It's out! It's finally out! "Dirty Deeds Done for Reasonable Prices" is finally up on all the usual formats (my site has Kindle, iBooks, and Smashwords, a DRM-free site that has a bunch of formats, but it should also be up on Kobo, etc.). I'm sorry it took SO long for me to finish this one, but I'm so glad it finally all came together. I hope you all like it! (Click on the "Books" link and scroll down to the "Novellas" heading, or just scroll down until you hit the novellas.)

Monday, November 26, 2018

Cover reveal for the newest Thea and Max novel!

After far, far too long, the newest Thea and Max novel is finally in the home stretch. While I finish up the final edits on the book and get it formatted to go live, here's a look at the cover and a few more details.

Dirty Deeds Done for Reasonable Prices

Getting too attached to a real-life secret agent has its consequences. When Max asks for some help on an assignment that's gotten a little too personal, Thea can't help but say yes. Soon, however, the chance to see her favorite spy again turns into a tangle of secrets and sabotage that could blossom into a full-fledged supervillain plot. As our daring duo struggle to save the day, Thea finally realizes just how high the stakes can get.

Chapter 1: Never Give Them Ammunition

Chapter 2: Potential Supervillain Plot

Friday, October 19, 2018

Teaser for possible new novel

When wizards fought, it was as if the gods themselves walked the earth. They poured their power into towering projections, huge clawed beasts made of light that could tear through the landscape as easily as if they were made of flesh. Their roars were louder than any thunder, enough that mere mortals quaked at the sound of it.

But at the heart of all this terror-inducing magnificence was a fragile human made of nothing more than blood and bone. They could break so easily, these humans, especially when they poured so much of themselves into their creatures they forgot to keep any for themselves. They gave their own hearts in the service of a power far greater than they could ever realize.

And when they fell, crumpling like a broken toy, all that power disappeared as if it had never been.

The girl collapsed to the ground, the sudden absence of her dragon's golden glow leaving the world so much darker than it had been. She tried desperately to draw a full breath, to get anything past the blood in her mouth, but the knives of pain in her chest made it impossible. She ordered herself to get up, to do something, matter how fiercely she tried her body refused to do anything more than leave her fingers scrabbling uselessly in the dirt.

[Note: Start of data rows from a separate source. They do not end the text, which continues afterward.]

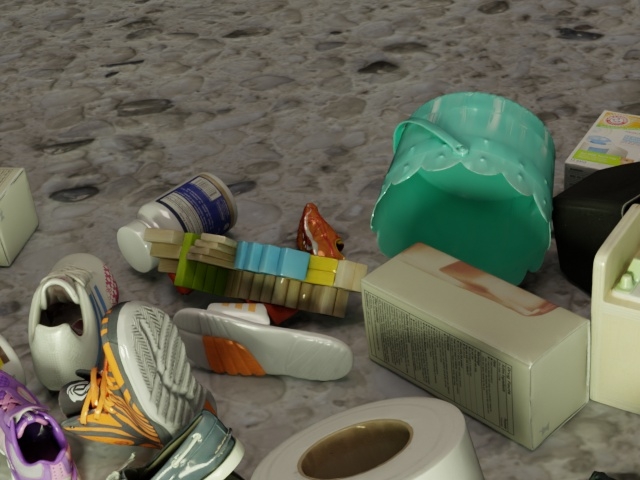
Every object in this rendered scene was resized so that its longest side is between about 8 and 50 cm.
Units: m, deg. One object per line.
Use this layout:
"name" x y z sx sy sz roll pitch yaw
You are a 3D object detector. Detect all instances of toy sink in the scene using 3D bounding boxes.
"toy sink" 0.441 0.094 1.535 0.131 0.234 0.153 15 37 29

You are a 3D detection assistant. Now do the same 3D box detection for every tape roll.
"tape roll" 0.064 0.298 1.273 0.246 0.169 0.246 -18 13 4

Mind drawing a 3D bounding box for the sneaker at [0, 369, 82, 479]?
"sneaker" -0.385 0.237 1.514 0.095 0.104 0.236 -28 58 -29

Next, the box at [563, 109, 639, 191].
"box" 0.494 -0.124 1.979 0.114 0.103 0.203 14 38 28

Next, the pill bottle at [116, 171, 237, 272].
"pill bottle" -0.238 -0.027 1.945 0.112 0.112 0.187 23 43 37

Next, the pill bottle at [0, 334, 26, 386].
"pill bottle" -0.521 0.215 1.615 0.117 0.117 0.215 24 44 38

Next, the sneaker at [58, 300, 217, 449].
"sneaker" -0.253 0.184 1.456 0.180 0.321 0.124 1 53 14

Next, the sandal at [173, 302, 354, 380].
"sandal" -0.078 0.141 1.684 0.265 0.102 0.076 10 34 9

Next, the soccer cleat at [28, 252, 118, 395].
"soccer cleat" -0.369 0.086 1.764 0.116 0.143 0.331 -8 33 -3

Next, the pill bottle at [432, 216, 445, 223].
"pill bottle" 0.157 -0.039 1.937 0.067 0.067 0.120 -24 37 -25

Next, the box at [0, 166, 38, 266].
"box" -0.665 -0.045 2.034 0.311 0.121 0.148 2 34 13

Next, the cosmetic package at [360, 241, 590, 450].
"cosmetic package" 0.206 0.134 1.589 0.129 0.153 0.296 -31 42 -32

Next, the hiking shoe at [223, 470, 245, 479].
"hiking shoe" -0.096 0.315 1.392 0.086 0.114 0.227 -21 36 -23

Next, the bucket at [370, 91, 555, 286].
"bucket" 0.220 -0.074 1.758 0.281 0.281 0.183 4 49 16

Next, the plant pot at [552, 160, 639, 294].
"plant pot" 0.455 -0.016 1.767 0.187 0.188 0.167 -29 26 -31

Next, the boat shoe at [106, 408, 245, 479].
"boat shoe" -0.208 0.294 1.385 0.254 0.079 0.095 -36 14 12

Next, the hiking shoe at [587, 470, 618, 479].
"hiking shoe" 0.340 0.373 1.271 0.132 0.113 0.304 24 26 -9

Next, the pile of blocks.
"pile of blocks" -0.112 0.061 1.773 0.362 0.112 0.149 8 -7 25

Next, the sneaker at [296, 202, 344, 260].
"sneaker" 0.000 0.000 1.927 0.067 0.064 0.175 7 35 -17
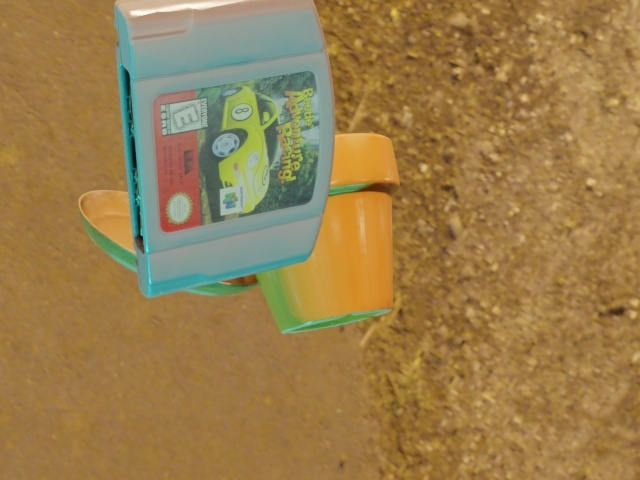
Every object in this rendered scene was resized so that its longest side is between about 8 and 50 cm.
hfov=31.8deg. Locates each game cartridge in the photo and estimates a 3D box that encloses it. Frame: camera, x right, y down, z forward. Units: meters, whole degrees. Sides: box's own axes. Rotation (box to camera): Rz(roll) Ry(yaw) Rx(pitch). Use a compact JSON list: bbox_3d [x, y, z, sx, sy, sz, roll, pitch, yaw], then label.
[{"bbox_3d":[-0.083,-0.092,1.042,0.196,0.060,0.294,-16,125,-24],"label":"game cartridge"}]

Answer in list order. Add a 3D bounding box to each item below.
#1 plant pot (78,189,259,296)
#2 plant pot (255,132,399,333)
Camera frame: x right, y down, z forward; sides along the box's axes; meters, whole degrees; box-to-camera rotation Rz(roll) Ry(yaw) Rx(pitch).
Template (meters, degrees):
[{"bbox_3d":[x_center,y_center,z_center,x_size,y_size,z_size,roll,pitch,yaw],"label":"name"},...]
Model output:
[{"bbox_3d":[-0.176,0.007,1.321,0.236,0.236,0.032,12,109,-42],"label":"plant pot"},{"bbox_3d":[0.000,0.000,1.254,0.205,0.205,0.187,-6,80,-37],"label":"plant pot"}]
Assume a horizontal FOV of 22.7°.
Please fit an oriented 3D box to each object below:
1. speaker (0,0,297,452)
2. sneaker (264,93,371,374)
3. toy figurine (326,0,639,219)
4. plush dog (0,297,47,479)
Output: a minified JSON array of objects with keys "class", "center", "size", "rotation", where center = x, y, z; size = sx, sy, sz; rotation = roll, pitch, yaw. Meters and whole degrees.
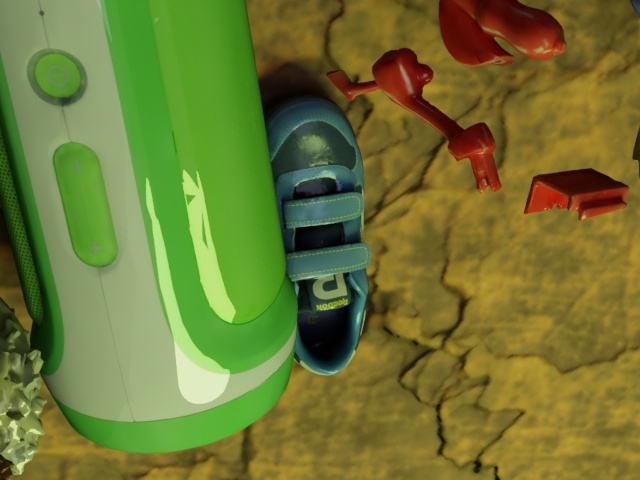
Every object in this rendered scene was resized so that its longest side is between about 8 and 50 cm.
[{"class":"speaker","center":[-0.085,-0.061,0.671],"size":[0.131,0.131,0.297],"rotation":[-13,119,-9]},{"class":"sneaker","center":[0.000,0.000,0.772],"size":[0.053,0.059,0.144],"rotation":[-8,118,-9]},{"class":"toy figurine","center":[0.167,-0.201,0.702],"size":[0.217,0.191,0.363],"rotation":[-9,115,-46]},{"class":"plush dog","center":[-0.196,0.006,0.565],"size":[0.210,0.225,0.263],"rotation":[-22,103,-32]}]

And the magic.... Tears leaked uselessly out of her eyes, mingling with the blood trickling its way down into the soil. They'd drilled the magic into her for months, told her to cling to it in the midst of even the greatest pain and suffering. She'd done just as they told her to, held onto the warm glow until it started to seem like it was almost alive. That glow had kept her going through the worst of her training, and the fact that she couldn't even feel a flicker of it now was almost worse than the knowledge that she was dying.

The sky somehow became even darker, the blackness her gran had always told her would come at the end of things. But then she heard the sound of footsteps, someone running, and she realized that the Dread Sorceress's creature had vanished as well. She was coming closer, wanting to be up close and personal to see her enemy's death.

But when the swirl of dark robes stopped in front of her, there was no mocking comment. The Dread Sorceress instead dropped to her knees, and the girl felt a hand smooth back her matted, bloody hair. "A child," the Sorceress whispered, her voice full of a trembling rage that would have made her afraid if there'd been anything left in her. "They sent a child to battle me?"

She tried lifting her hand again, tried to reach for even the smallest flicker of light inside her, but there was nothing. The Dread Sorceress made a noise that sounded like the girl felt, her hand still stroking the girl's hair. "Shhhh," the Sorceress whispered, softer even than her gran's had ever been. "You fought hard and well against an opponent you never could have hoped to beat. There are wizards twice your age who could not have done what you did, but the battle is done. It's time for you to rest now."

Even if the words were a lie, there was nothing else to cling to. Carried along by their softness, the girl finally let the dark embrace of death take her.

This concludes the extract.